> _WHAT THE TASK ASKS_:
Below is a block of records; reproduce all of them exactly and leave out any pictures.

Segment Open

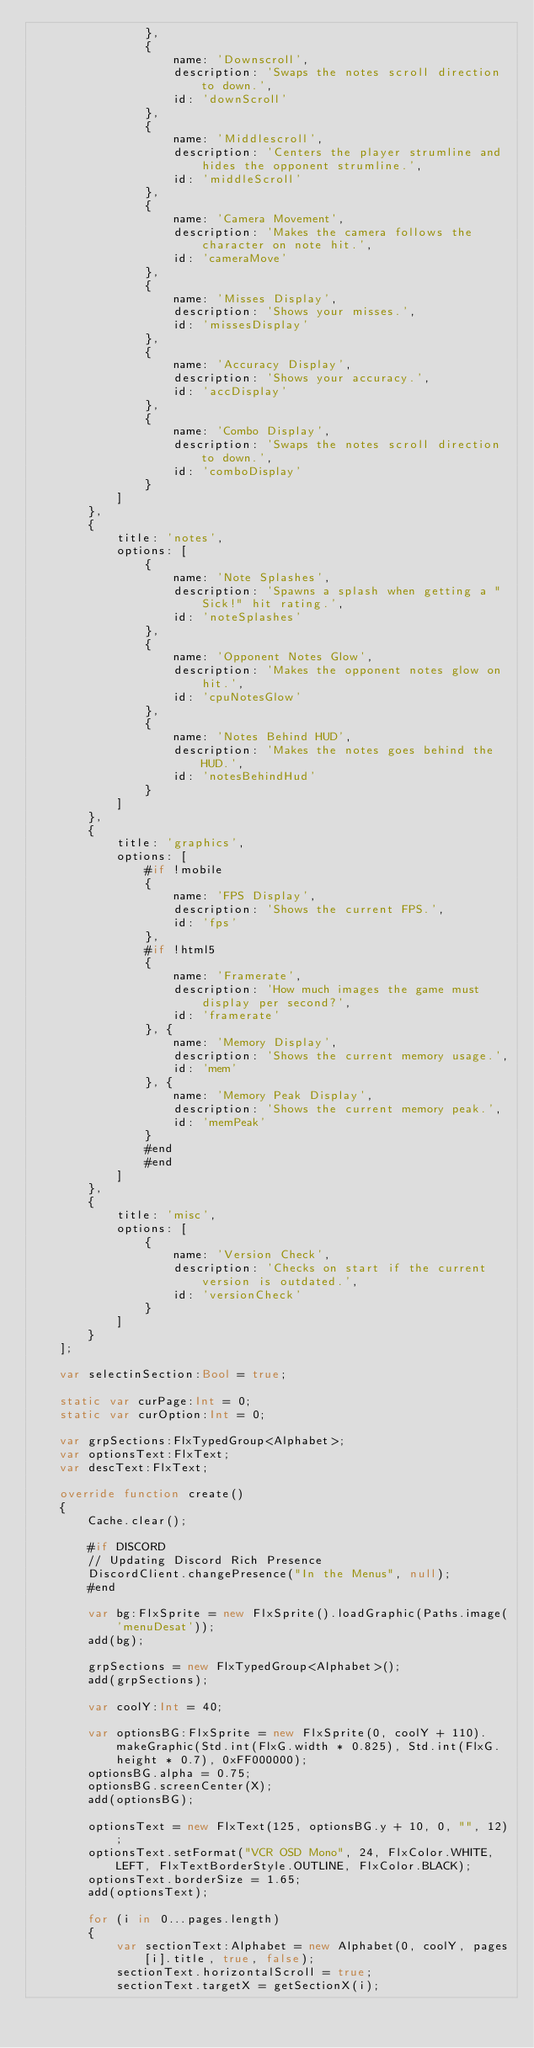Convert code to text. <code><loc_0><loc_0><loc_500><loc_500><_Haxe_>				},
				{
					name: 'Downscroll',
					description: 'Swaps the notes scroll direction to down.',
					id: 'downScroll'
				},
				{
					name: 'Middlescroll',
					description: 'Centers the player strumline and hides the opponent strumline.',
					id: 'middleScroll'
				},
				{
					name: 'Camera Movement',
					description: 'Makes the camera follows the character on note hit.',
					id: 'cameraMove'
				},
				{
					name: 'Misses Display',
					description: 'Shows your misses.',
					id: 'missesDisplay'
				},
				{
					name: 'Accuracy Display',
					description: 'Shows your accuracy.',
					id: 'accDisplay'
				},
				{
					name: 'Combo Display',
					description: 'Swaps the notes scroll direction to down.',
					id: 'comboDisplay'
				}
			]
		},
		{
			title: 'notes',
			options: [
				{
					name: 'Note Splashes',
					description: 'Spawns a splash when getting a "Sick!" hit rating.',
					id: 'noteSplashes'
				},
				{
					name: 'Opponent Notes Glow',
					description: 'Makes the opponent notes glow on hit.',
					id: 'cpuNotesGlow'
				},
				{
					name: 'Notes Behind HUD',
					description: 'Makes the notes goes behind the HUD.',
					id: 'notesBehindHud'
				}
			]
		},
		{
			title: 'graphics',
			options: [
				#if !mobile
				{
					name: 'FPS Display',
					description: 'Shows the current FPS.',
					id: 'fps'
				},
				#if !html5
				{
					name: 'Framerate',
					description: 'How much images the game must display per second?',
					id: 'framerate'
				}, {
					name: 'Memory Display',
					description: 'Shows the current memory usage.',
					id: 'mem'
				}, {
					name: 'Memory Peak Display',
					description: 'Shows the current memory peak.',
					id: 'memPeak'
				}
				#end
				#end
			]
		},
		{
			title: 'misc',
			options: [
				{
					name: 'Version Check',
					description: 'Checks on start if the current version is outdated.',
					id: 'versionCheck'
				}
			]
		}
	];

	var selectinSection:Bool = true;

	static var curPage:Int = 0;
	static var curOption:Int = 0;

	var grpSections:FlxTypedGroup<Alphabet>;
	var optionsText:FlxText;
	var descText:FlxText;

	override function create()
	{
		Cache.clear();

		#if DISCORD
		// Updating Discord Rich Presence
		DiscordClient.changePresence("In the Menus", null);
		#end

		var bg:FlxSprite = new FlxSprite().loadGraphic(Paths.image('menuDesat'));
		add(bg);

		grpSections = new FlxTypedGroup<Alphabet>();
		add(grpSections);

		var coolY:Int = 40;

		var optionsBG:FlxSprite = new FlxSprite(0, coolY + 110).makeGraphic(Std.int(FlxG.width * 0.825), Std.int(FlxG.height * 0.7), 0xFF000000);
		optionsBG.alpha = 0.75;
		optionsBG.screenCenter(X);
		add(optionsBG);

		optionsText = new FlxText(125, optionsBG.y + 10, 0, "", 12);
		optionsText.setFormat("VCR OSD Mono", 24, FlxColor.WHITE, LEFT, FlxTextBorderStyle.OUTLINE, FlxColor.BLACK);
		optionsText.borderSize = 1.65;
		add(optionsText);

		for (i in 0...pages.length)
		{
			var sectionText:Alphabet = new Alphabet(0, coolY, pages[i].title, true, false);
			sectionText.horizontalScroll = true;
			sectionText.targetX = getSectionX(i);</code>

Segment Closed

> _REPLY_:
Convert code to text. <code><loc_0><loc_0><loc_500><loc_500><_Haxe_>				},
				{
					name: 'Downscroll',
					description: 'Swaps the notes scroll direction to down.',
					id: 'downScroll'
				},
				{
					name: 'Middlescroll',
					description: 'Centers the player strumline and hides the opponent strumline.',
					id: 'middleScroll'
				},
				{
					name: 'Camera Movement',
					description: 'Makes the camera follows the character on note hit.',
					id: 'cameraMove'
				},
				{
					name: 'Misses Display',
					description: 'Shows your misses.',
					id: 'missesDisplay'
				},
				{
					name: 'Accuracy Display',
					description: 'Shows your accuracy.',
					id: 'accDisplay'
				},
				{
					name: 'Combo Display',
					description: 'Swaps the notes scroll direction to down.',
					id: 'comboDisplay'
				}
			]
		},
		{
			title: 'notes',
			options: [
				{
					name: 'Note Splashes',
					description: 'Spawns a splash when getting a "Sick!" hit rating.',
					id: 'noteSplashes'
				},
				{
					name: 'Opponent Notes Glow',
					description: 'Makes the opponent notes glow on hit.',
					id: 'cpuNotesGlow'
				},
				{
					name: 'Notes Behind HUD',
					description: 'Makes the notes goes behind the HUD.',
					id: 'notesBehindHud'
				}
			]
		},
		{
			title: 'graphics',
			options: [
				#if !mobile
				{
					name: 'FPS Display',
					description: 'Shows the current FPS.',
					id: 'fps'
				},
				#if !html5
				{
					name: 'Framerate',
					description: 'How much images the game must display per second?',
					id: 'framerate'
				}, {
					name: 'Memory Display',
					description: 'Shows the current memory usage.',
					id: 'mem'
				}, {
					name: 'Memory Peak Display',
					description: 'Shows the current memory peak.',
					id: 'memPeak'
				}
				#end
				#end
			]
		},
		{
			title: 'misc',
			options: [
				{
					name: 'Version Check',
					description: 'Checks on start if the current version is outdated.',
					id: 'versionCheck'
				}
			]
		}
	];

	var selectinSection:Bool = true;

	static var curPage:Int = 0;
	static var curOption:Int = 0;

	var grpSections:FlxTypedGroup<Alphabet>;
	var optionsText:FlxText;
	var descText:FlxText;

	override function create()
	{
		Cache.clear();

		#if DISCORD
		// Updating Discord Rich Presence
		DiscordClient.changePresence("In the Menus", null);
		#end

		var bg:FlxSprite = new FlxSprite().loadGraphic(Paths.image('menuDesat'));
		add(bg);

		grpSections = new FlxTypedGroup<Alphabet>();
		add(grpSections);

		var coolY:Int = 40;

		var optionsBG:FlxSprite = new FlxSprite(0, coolY + 110).makeGraphic(Std.int(FlxG.width * 0.825), Std.int(FlxG.height * 0.7), 0xFF000000);
		optionsBG.alpha = 0.75;
		optionsBG.screenCenter(X);
		add(optionsBG);

		optionsText = new FlxText(125, optionsBG.y + 10, 0, "", 12);
		optionsText.setFormat("VCR OSD Mono", 24, FlxColor.WHITE, LEFT, FlxTextBorderStyle.OUTLINE, FlxColor.BLACK);
		optionsText.borderSize = 1.65;
		add(optionsText);

		for (i in 0...pages.length)
		{
			var sectionText:Alphabet = new Alphabet(0, coolY, pages[i].title, true, false);
			sectionText.horizontalScroll = true;
			sectionText.targetX = getSectionX(i);</code>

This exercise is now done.